Три года? Только три года?
Для нового Гейба это пустяк! Всего тридцать шесть месяцев.
– Не знаю, как благодарить вас, мистер Фрейзер! Понимаете, сейчас я в состоянии заплатить всего половину гонорара.
Ангус улыбнулся. Он был богатым человеком, не привыкшим делать одолжение бывшим торчкам. Но в данном случае был счастлив, что Клер Маккормак вывернула ему руки. В мальчишке было что-то… труднообъяснимое словами. Однако Гейб Макгрегор стал для него еще одной причиной радоваться жизни.
– Об этом не волнуйся, Гейб. Когда-нибудь ты обязательно мне заплатишь. Я уверен.
– Клянусь, сэр. Клянусь могилой отца, я заплачу вам вдесятеро больше, чем должен. Когда-нибудь.
Оказалось, что Маршалла Грешема арестовали за мошенничество.
– И сколько же денег ты свистнул?
Подобного рода вопросы Маршалл мог вытерпеть только от Макгрегора. Эти двое стали неразлучными друзьями.
– Ни цента. Поэтому и подаю апелляцию. Другое дело, что я переместил небольшую сумму.
– Это сколько?
Маршалл позволил себе легкую, но гордую улыбку:
– Двести шестьдесят миллионов.
Потрясенный, Гейб молчал с минуту, прежде чем спросить:
– В каком ты бизнесе, Маршалл?
– Недвижимость.
Снова минутное молчание.
– Маршалл!
– Ну что еще?
– Думаю, мне тоже хотелось бы изучать этот бизнес. Ты мне поможешь?

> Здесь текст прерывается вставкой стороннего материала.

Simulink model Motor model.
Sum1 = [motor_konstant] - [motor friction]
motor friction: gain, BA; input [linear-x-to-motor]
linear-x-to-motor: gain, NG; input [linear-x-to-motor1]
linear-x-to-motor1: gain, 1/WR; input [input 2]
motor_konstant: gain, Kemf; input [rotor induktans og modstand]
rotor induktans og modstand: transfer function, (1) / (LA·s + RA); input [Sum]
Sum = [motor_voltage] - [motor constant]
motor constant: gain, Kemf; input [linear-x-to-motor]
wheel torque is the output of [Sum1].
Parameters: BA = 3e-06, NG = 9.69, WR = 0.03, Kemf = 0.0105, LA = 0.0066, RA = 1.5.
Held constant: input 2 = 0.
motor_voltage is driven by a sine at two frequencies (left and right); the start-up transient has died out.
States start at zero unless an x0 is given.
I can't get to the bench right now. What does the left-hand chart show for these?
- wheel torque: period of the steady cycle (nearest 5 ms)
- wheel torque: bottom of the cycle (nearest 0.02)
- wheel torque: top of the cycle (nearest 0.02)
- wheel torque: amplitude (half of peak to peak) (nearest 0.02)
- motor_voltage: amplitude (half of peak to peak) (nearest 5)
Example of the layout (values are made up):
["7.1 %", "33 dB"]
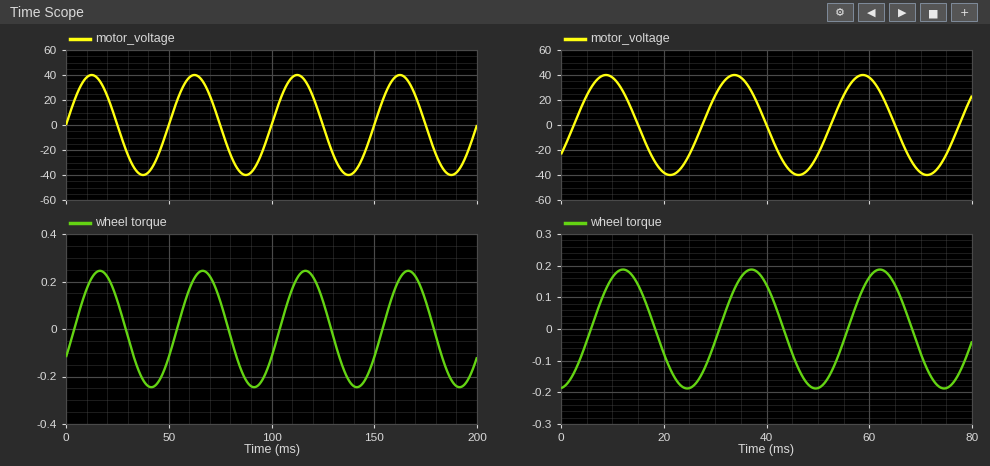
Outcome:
["50 ms", "-0.24", "0.24", "0.24", "40"]
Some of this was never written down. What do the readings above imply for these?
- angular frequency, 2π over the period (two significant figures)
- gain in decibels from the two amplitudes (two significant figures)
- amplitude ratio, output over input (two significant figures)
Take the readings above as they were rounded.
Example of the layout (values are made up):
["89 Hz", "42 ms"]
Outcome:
["0.13 rad/ms", "-44 dB", "0.0060"]
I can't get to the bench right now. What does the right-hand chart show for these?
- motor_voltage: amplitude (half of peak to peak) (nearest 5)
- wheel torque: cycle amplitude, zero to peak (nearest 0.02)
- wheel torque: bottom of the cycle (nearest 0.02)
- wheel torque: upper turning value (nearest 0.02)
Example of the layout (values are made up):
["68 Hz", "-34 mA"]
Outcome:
["40", "0.18", "-0.18", "0.18"]
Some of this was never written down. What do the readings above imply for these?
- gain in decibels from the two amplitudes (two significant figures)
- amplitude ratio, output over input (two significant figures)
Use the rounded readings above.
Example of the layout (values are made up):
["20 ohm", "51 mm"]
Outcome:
["-47 dB", "0.0045"]
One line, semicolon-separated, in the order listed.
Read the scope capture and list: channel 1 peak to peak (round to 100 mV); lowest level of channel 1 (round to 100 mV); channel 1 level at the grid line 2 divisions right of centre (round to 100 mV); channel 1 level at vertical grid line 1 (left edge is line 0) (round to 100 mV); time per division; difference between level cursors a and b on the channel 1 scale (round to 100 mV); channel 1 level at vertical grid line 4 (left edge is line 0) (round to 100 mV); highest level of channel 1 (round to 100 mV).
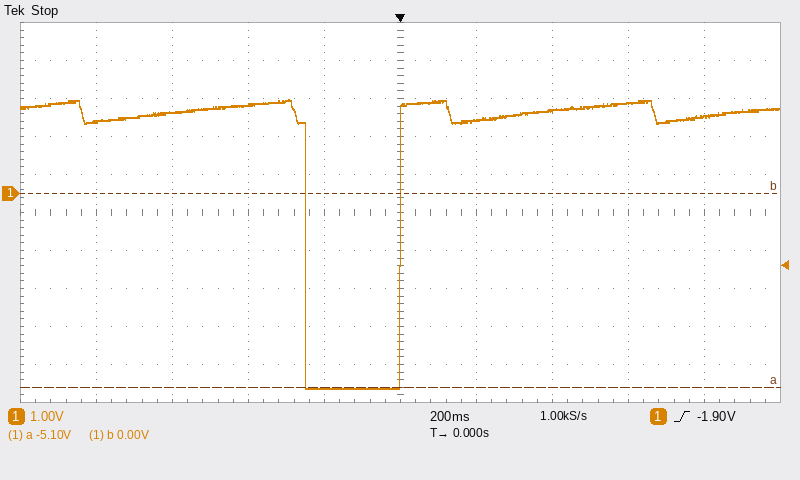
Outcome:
7.6 V; -5.1 V; 2.2 V; 1.9 V; 200 ms; 5.1 V; -5.1 V; 2.5 V
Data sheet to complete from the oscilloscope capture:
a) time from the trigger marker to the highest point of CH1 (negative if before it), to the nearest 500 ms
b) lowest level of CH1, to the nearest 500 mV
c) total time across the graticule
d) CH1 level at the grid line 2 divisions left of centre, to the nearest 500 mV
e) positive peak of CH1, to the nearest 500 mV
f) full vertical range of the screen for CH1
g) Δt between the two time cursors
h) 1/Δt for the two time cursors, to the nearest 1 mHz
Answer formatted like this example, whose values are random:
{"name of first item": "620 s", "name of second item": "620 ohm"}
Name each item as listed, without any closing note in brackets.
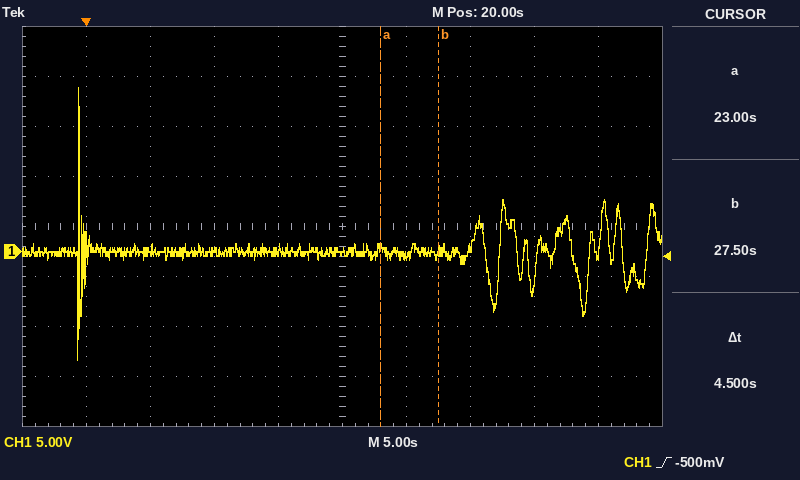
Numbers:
{"time from the trigger marker to the highest point of CH1 (negative if before it), to the nearest 500 ms": "-500 ms", "lowest level of CH1, to the nearest 500 mV": "-11.0 V", "total time across the graticule": "50 s", "CH1 level at the grid line 2 divisions left of centre, to the nearest 500 mV": "0.0 V", "positive peak of CH1, to the nearest 500 mV": "16.5 V", "full vertical range of the screen for CH1": "40 V", "Δt between the two time cursors": "4.5 s", "1/Δt for the two time cursors, to the nearest 1 mHz": "222 mHz"}
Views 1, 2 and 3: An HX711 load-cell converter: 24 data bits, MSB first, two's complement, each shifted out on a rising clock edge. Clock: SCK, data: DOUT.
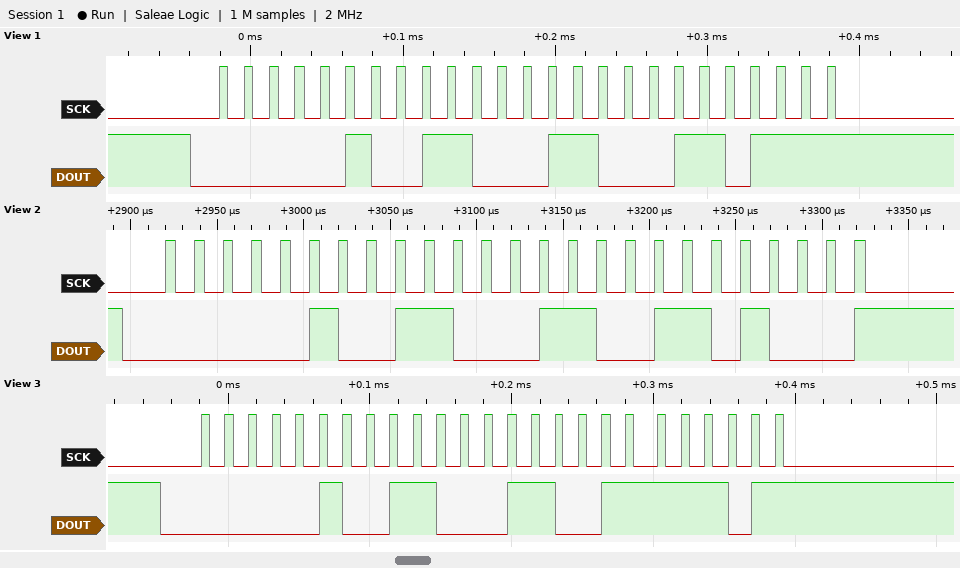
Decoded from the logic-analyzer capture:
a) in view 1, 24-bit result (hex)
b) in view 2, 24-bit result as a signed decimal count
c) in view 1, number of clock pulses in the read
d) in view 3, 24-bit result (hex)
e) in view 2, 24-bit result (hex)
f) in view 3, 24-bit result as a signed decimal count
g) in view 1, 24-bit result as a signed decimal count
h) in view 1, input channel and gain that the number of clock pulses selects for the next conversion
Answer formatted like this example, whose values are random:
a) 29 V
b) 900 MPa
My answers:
a) 0x04C637
b) 312936
c) 25
d) 0x04C67D
e) 0x04C668
f) 312957
g) 312887
h) channel A, gain 128
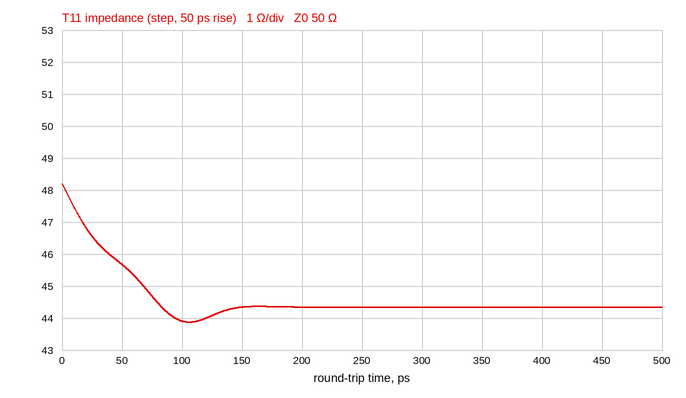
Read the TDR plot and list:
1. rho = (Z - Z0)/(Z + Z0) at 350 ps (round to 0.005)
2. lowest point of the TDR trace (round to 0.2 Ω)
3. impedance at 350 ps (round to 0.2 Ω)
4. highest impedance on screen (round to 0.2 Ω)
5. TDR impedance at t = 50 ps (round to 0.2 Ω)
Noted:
-0.060
43.8 Ω
44.4 Ω
48.2 Ω
45.6 Ω
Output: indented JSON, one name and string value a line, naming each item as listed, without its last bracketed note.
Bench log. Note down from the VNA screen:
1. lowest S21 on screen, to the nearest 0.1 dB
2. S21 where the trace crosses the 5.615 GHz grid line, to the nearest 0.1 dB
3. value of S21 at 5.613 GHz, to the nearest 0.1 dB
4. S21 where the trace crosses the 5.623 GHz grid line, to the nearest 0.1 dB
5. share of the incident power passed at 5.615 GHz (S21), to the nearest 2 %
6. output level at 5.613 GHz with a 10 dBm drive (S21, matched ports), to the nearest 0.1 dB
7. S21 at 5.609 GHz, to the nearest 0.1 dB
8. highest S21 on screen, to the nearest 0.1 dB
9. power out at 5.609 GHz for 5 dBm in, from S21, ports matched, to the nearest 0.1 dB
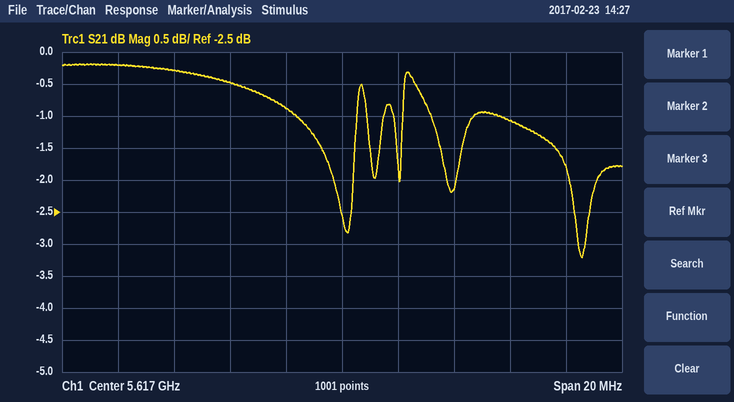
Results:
{
  "lowest S21 on screen, to the nearest 0.1 dB": "-3.2 dB",
  "S21 where the trace crosses the 5.615 GHz grid line, to the nearest 0.1 dB": "-0.9 dB",
  "value of S21 at 5.613 GHz, to the nearest 0.1 dB": "-0.5 dB",
  "S21 where the trace crosses the 5.623 GHz grid line, to the nearest 0.1 dB": "-1.1 dB",
  "share of the incident power passed at 5.615 GHz (S21), to the nearest 2 %": "82 %",
  "output level at 5.613 GHz with a 10 dBm drive (S21, matched ports), to the nearest 0.1 dB": "9.5 dBm",
  "S21 at 5.609 GHz, to the nearest 0.1 dB": "-0.2 dB",
  "highest S21 on screen, to the nearest 0.1 dB": "-0.2 dB",
  "power out at 5.609 GHz for 5 dBm in, from S21, ports matched, to the nearest 0.1 dB": "4.8 dBm"
}
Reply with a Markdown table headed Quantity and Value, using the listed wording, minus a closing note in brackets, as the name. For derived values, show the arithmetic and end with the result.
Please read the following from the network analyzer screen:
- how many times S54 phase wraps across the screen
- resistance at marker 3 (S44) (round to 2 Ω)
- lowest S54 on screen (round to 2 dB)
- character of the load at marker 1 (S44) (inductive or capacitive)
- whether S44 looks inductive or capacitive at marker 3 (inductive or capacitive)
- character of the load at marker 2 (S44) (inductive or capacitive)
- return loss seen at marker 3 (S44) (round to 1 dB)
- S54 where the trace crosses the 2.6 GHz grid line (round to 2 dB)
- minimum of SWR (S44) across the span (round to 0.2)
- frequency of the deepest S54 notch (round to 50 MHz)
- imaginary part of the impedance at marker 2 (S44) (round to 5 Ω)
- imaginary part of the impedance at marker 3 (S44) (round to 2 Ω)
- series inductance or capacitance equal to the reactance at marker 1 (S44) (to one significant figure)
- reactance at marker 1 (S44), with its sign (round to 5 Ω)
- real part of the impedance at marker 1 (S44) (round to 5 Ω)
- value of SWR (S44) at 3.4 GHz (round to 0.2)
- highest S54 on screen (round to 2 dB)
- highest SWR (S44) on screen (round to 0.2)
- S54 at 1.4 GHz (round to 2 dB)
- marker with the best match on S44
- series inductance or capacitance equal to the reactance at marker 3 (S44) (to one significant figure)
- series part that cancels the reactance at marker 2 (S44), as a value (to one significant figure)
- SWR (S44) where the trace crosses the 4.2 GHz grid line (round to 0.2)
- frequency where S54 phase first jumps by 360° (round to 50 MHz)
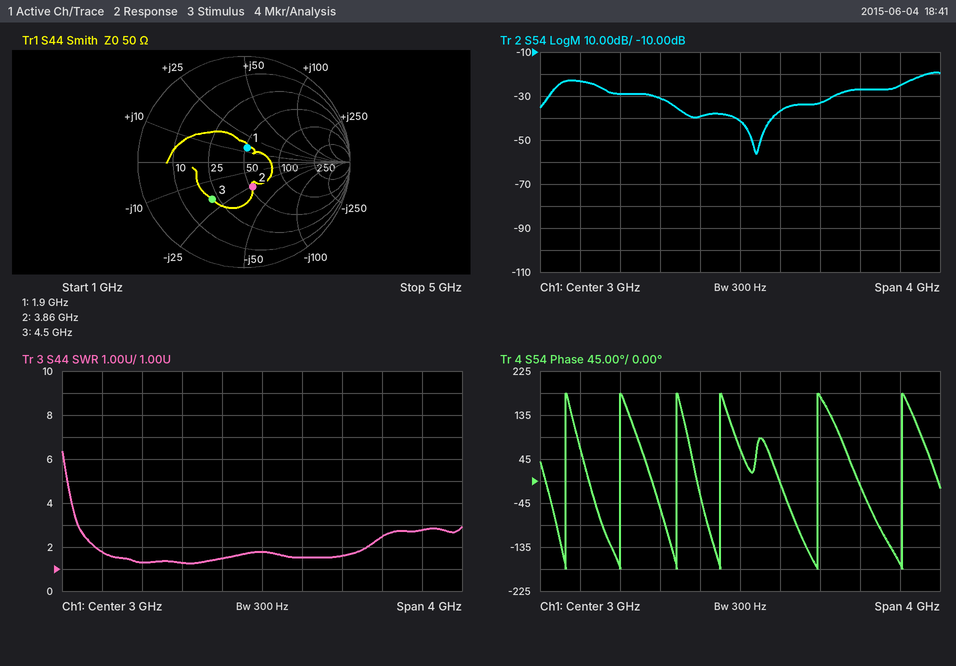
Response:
| Quantity | Value |
|---|---|
| how many times S54 phase wraps across the screen | 6 |
| resistance at marker 3 (S44) | 22 Ω |
| lowest S54 on screen | -56 dB |
| character of the load at marker 1 (S44) | inductive |
| whether S44 looks inductive or capacitive at marker 3 | capacitive |
| character of the load at marker 2 (S44) | capacitive |
| return loss seen at marker 3 (S44) | 7 dB |
| S54 where the trace crosses the 2.6 GHz grid line | -40 dB |
| minimum of SWR (S44) across the span | 1.2 |
| frequency of the deepest S54 notch | 3.15 GHz |
| imaginary part of the impedance at marker 2 (S44) | -25 Ω |
| imaginary part of the impedance at marker 3 (S44) | -20 Ω |
| series inductance or capacitance equal to the reactance at marker 1 (S44) | L = 15 Ω/(2π × 1.9 GHz) ≈ 1 nH |
| reactance at marker 1 (S44), with its sign | +15 Ω |
| real part of the impedance at marker 1 (S44) | 50 Ω |
| value of SWR (S44) at 3.4 GHz | 1.6 |
| highest S54 on screen | -20 dB |
| highest SWR (S44) on screen | 6.4 |
| S54 at 1.4 GHz | -24 dB |
| marker with the best match on S44 | marker 1 |
| series inductance or capacitance equal to the reactance at marker 3 (S44) | C = 1/(2π × 4.5 GHz × 20 Ω) ≈ 2 pF |
| series part that cancels the reactance at marker 2 (S44), as a value | L = 25 Ω/(2π × 3.86 GHz) ≈ 1 nH |
| SWR (S44) where the trace crosses the 4.2 GHz grid line | 2.4 |
| frequency where S54 phase first jumps by 360° | 1.25 GHz |
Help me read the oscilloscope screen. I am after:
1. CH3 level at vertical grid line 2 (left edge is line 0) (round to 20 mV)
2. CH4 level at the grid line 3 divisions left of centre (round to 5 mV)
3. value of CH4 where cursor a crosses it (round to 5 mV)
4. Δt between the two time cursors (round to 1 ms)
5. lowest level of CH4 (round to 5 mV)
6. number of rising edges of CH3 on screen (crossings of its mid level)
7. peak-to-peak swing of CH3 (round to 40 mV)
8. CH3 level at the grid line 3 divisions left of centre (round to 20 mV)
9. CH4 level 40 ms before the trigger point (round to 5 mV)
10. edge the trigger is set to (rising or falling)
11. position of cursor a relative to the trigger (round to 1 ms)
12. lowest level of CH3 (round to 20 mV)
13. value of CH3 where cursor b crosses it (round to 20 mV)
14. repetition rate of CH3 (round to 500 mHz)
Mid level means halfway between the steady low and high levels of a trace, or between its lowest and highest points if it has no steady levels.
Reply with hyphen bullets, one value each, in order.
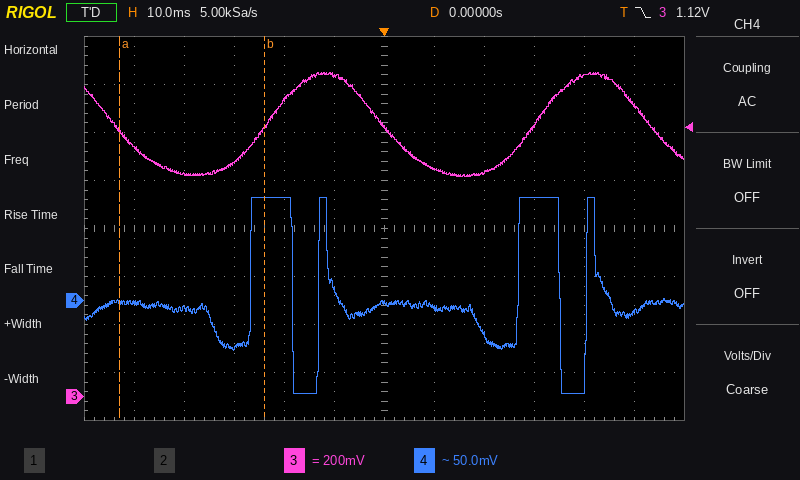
- 920 mV
- -50 mV
- 0 mV
- 29 ms
- -95 mV
- 2
- 440 mV
- 980 mV
- -10 mV
- falling
- -53 ms
- 920 mV
- 1.12 V
- 18.5 Hz

Голубые глаза Маршалла Грешема сверкнули ярче обычного:
– Ну разумеется, Гейбриел. Буду счастлив стать твоим наставником.
И неожиданно тридцать шесть месяцев показались тридцатью шестью минутами.
Так мало времени, и столько всего нужно выучить. Индексы, процентные ставки, цены за квадратный фут, стоимость строительства, основы архитектурного надзора. Все это продолжалось и продолжалось, пока Гейбу не стало казаться, что он постигает не только новый предмет, но и учится новому образу мышления.
– За последние несколько лет рынок почти полностью изменился, – сказал как-то Маршалл. – И все эти новые интернетовские деньги…
Брезгливо качнув головой, он добавил:
– Люди окончательно слетели с катушек. Не слушай никого, кто скажет, будто основные рыночные силы как-то отличаются от тех, которые были раньше.
Гейб молча кивнул, впитывая советы Маршалла, отныне ставшие его наркотиком. Он слушал и не мог наслушаться. Каждое слово из уст Маршалла звенело золотом. Дышало надеждой. Будущее Гейба обретало плоть.
– Местоположение. Это ключевое слово. Если бы мне пришлось начать с нуля, я бы держался подальше от Лондона.
Гейб вопросительно уставился на него.
– Цены слишком взвинчены. Слишком много чертовых поляков. И русских. Слишком много препятствий придется преодолеть. Честно говоря, я вообще забыл бы об Англии. И Америке. Тебе необходим развивающийся рынок. Начни с нижнего этажа. Как я когда-то.